Presentato alla 79esima Mostra del Cinema di Venezia, il film di Gianni Amelio, Il signore delle formiche, prende spunto da un celebre processo degli anni ‘60.
Il drammaturgo, poeta e mirmecologo Aldo Braibanti morto nel 2014, fu condannato a nove anni di reclusione per aver plagiato cioè sottomesso alla sua volontà, in senso fisico e psicologico, un suo studente maggiorenne.

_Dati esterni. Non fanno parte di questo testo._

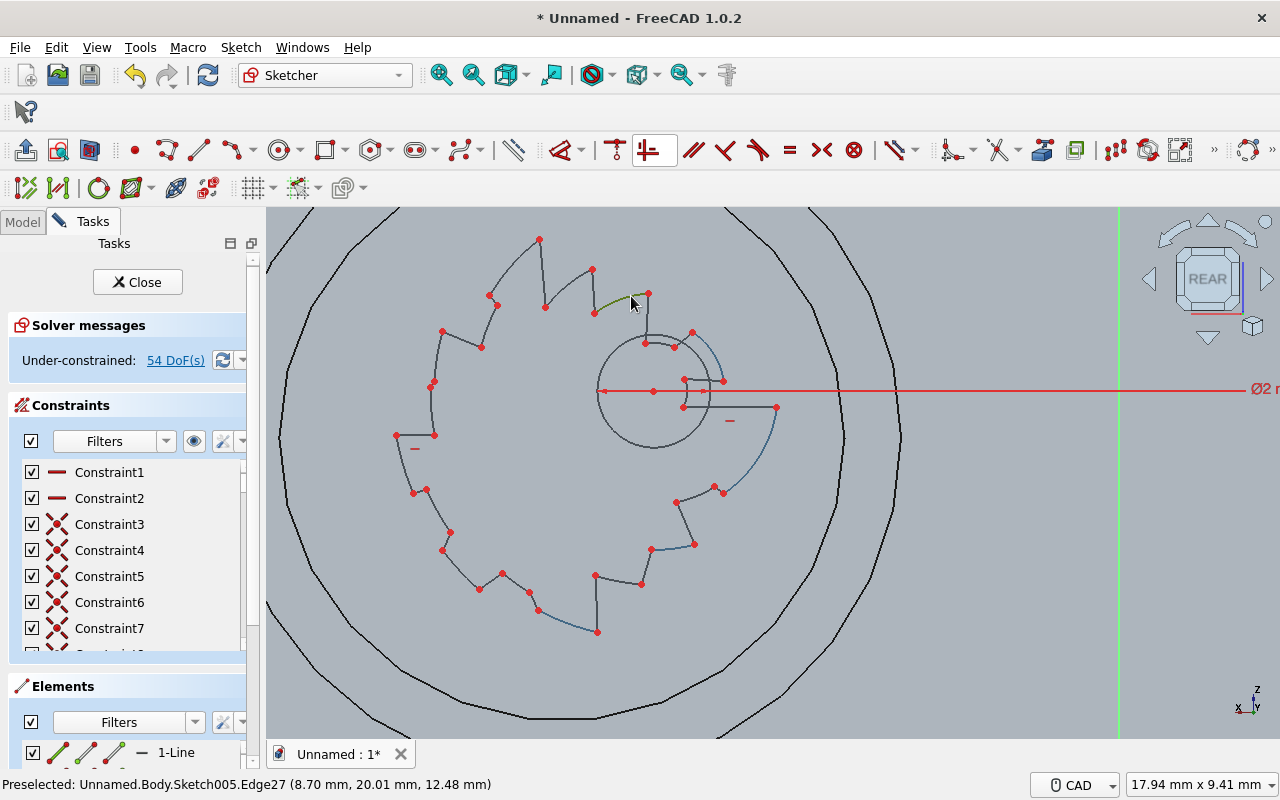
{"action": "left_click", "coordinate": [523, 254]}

Il giovane fu ricoverato in una casa di cura e sottoposto ad una serie di elettroshock ed iniezioni di insulina affinchè guarisse dall’omosessualità. (Molti in quegli anni ricorrevano a Padre Pio e addirittura agli esorcisti!).

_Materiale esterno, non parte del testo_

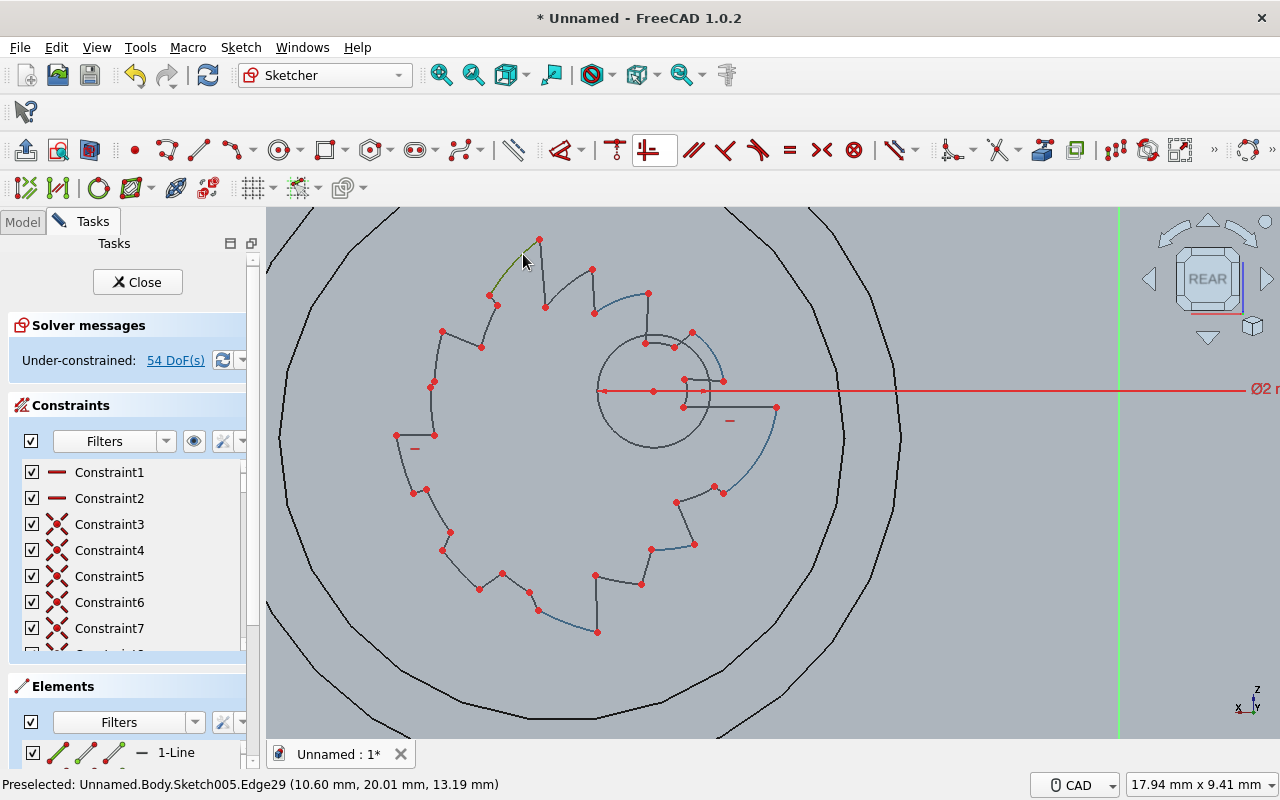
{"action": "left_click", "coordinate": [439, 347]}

Bisognerà attendere il 1981 affinchè il reato di plagio sia abolito dal codice penale perché ritenuto incostituzionale con la sentenza N°96 (Pubblicazione Gazzetta Ufficiale n° 158 del 10 giugno 1981).
Il signore delle formiche segue le vicende dell’accusa e del processo contro Braibanti che nel film è impersonato da Luigi Lo Cascio attraverso lo sguardo solidale di un giornalista de L’Unità, Ennio Scribani (Elio Germano). Degne di nota sono le posizioni del PCI, il grande partito operaio, influenzato dalle idee oscurantiste del Vaticano e quelle di un’Italia repressiva e ostile verso gli omosessuali.
Il film ben scritto e ben girato si avvale della presenza di due attori molto noti ed amati dal pubblico: Luigi Lo Cascio ed Elio Germano.
Il primo è uno straordinario Braibanti, credibilissimo nel ruolo di un professore che seduce ed ammalia con il solo uso delle parole che diventano citazioni, poesie, riflessioni, osservazioni su tutto quello che costituisce il nostro mondo fatto di emozioni e sentimenti. Il suo personaggio non deve risultare empatico e Lo Cascio fa di tutto perché ciò non avvenga con pause studiate, ruvidezza nei modi, arrabbiature frequenti ed immotivate rivolte ai suoi seguaci nel laboratorio creativo de la Torre, nelle campagne del piacentino.
Elio Germano riesce con il suo sguardo contenuto e solidale a sottolineare l’assurdità di quel clima bigotto e repressivo nell’Italietta del boom economico nonché l’impotenza della carta stampata nel formare un’opinione larga e condivisa su temi di grande attualità.
Il suo personaggio rassomiglia molto di più ad un investigatore privato per la giacca marrone di finta pelle e il cappello che non viene tolto neppure nell’aula del tribunale. È un giornalista atipico, capace di scontrarsi con le direttive di partito rigide ed anacronistiche. A questo proposito è illuminante la scena nella quale Ennio, che sa parlare bene la lingua russa aggiorna una delegazione del PCUS in visita nella capitale sui destini di Braibanti che è accusato di amare un ragazzo. La compagna sovietica non risponde ma il suo volto esprime disgusto.
Ma la vera rivelazione del film è l’ottimo Leonardo Maltese nel ruolo difficilissimo di Ettore Tagliaferri. Degne di nota sono le scene toccanti durante il processo dove Leonardo/Ettore, molto provato, riesce ad esprimere la sua verità che dovrebbe scagionare il professore Braibanti ma che invece lo inchioda alle sue presunte responsabilità con l’aggravante che per l’accusa tale verità è una ulteriore conferma che il giovane è stato plagiato.
Leonardo Maltese che rivedremo nel film di Marco Bellocchio La conversione ha tutte le carte in regola per diventare un attore di cui si parlerà nei prossimi decenni.
Il signore delle formiche è un film da vedere e da far vedere.
Il suo pregio più grande è quello di aver contribuito ad una riflessione matura sui temi legati all’omosessualità , temi ancora per molti aspetti irrisolti e che ancora oggi , a distanza di oltre 50 anni, dividono l’Italia.